Comparison of microsphere deposition in porous media versus simple shear systems

Experiments were conducted to compare deposition fluxes of 1.1 and 5.7 μm carboxylate-modified polystyrene latex microspheres in packed porous media and simple shear systems. A range of flow conditions were examined in the packed columns (2, 4, and 8 m day−1 average pore water velocities), and impinging jet cells (0.01, 0.03, and 0.05 ml min−1 jet discharge rates), and were scaled to yield equivalent near-surface velocities in the two systems. Two ionic strengths (0.006 and 0.02 M NaCl) were examined under electrostatically unfavorable attachment conditions, whereas electrostatically favorable conditions were examined at a single ionic strength (0.02 M). Deposition fluxes onto quartz and glass substrata were examined. Initial attachment fluxes were sometimes higher, sometimes lower, in the porous media relative to the simple shear systems under equivalent conditions. Deposition efficiencies (deposition flux normalized to deposition flux under favorable conditions) were consistently higher in the porous media relative to the impinging jet when the angular substrate (quartz) was examined, whereas deposition efficiency was lower in the glass bead porous media relative to the glass substratum in the impinging jet under the one condition examined.
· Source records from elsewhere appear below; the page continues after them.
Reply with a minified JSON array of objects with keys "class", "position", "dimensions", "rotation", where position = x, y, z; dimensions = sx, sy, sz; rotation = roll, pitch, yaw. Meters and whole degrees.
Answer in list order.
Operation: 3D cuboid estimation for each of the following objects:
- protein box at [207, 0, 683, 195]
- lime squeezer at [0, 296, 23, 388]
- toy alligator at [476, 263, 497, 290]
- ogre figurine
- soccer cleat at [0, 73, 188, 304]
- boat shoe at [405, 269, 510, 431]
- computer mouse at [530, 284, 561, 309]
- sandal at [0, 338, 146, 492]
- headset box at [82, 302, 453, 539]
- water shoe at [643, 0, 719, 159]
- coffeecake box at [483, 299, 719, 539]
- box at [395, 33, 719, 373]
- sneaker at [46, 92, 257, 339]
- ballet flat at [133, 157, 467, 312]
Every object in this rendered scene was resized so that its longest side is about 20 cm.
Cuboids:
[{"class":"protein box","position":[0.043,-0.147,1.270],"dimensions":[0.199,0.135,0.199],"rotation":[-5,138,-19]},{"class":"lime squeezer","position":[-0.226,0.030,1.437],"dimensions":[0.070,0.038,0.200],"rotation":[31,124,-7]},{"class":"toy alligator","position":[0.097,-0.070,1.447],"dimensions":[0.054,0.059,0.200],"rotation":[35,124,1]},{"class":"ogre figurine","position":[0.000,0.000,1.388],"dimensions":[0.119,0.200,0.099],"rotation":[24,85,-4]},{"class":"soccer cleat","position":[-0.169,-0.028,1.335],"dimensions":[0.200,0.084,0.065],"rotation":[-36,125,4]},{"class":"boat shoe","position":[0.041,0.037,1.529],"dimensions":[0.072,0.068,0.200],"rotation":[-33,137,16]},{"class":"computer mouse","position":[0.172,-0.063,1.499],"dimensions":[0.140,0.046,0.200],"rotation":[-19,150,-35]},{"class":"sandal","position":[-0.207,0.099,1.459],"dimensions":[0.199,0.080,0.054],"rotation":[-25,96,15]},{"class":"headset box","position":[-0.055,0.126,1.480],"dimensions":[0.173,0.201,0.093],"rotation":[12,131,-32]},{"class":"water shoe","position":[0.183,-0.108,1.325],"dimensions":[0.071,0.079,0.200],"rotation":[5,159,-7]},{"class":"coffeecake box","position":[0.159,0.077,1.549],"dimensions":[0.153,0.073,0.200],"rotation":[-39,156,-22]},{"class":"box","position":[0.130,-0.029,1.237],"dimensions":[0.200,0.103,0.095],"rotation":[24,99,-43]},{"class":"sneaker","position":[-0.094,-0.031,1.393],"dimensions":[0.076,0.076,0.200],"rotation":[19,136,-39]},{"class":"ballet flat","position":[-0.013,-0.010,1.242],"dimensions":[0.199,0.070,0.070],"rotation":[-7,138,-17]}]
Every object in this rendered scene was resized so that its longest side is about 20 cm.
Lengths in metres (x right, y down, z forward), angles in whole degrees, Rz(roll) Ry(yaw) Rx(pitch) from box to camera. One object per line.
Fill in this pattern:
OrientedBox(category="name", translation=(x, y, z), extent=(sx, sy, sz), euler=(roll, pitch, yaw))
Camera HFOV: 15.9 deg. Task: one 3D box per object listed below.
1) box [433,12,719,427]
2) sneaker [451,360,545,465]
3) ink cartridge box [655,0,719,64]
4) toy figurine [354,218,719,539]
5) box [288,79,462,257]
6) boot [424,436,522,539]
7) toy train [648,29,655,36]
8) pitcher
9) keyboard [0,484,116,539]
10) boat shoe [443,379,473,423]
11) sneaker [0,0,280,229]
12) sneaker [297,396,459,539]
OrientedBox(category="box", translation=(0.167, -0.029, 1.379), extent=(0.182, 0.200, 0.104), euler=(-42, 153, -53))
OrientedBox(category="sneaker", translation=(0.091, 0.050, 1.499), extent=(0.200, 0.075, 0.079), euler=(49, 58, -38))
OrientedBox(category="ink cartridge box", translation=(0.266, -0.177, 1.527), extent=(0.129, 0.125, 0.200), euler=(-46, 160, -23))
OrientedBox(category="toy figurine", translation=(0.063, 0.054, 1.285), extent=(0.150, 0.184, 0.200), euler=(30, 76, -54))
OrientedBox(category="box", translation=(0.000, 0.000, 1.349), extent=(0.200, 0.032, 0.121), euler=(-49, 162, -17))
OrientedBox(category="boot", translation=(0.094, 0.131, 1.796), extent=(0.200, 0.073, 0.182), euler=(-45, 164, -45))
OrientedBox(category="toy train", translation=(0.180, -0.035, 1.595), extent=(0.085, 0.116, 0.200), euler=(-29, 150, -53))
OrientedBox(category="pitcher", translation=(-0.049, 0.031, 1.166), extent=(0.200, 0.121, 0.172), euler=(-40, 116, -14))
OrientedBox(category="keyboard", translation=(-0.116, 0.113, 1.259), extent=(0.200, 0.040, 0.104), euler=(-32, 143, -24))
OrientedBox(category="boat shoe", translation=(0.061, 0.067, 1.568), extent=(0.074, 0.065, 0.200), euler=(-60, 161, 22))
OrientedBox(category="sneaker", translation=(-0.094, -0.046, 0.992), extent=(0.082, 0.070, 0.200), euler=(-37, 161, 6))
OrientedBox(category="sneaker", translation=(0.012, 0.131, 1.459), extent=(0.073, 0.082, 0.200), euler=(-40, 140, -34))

These results corroborate the hypothesis that deposition in quartz media is enhanced by the presence of rear stagnation points, whereas this phenomenon was not manifested in the smooth spherical porous media. Hydrodynamic drag was implicated as an important governor of the initial attachment flux on the basis of lack of deposition of 5.7 μm microspheres despite theoretical predictions, as well as an observed lack of increase in 1.1 μm microsphere attachment flux with increased flow rate under favorable conditions, and an observed decrease in 1.1 μm microsphere attachment flux with increased flow rate under unfavorable conditions. Experiments run with a mixture of the 1.1 and 5.7 mm microspheres indicated association of the different sized microspheres on the surface. Results from the packed porous media suggested indirect association (via the hydrodynamic field) at the grain surface, whereas observations in the impinging jet indicated direct association of the 1.1 and 5.7 mm microspheres.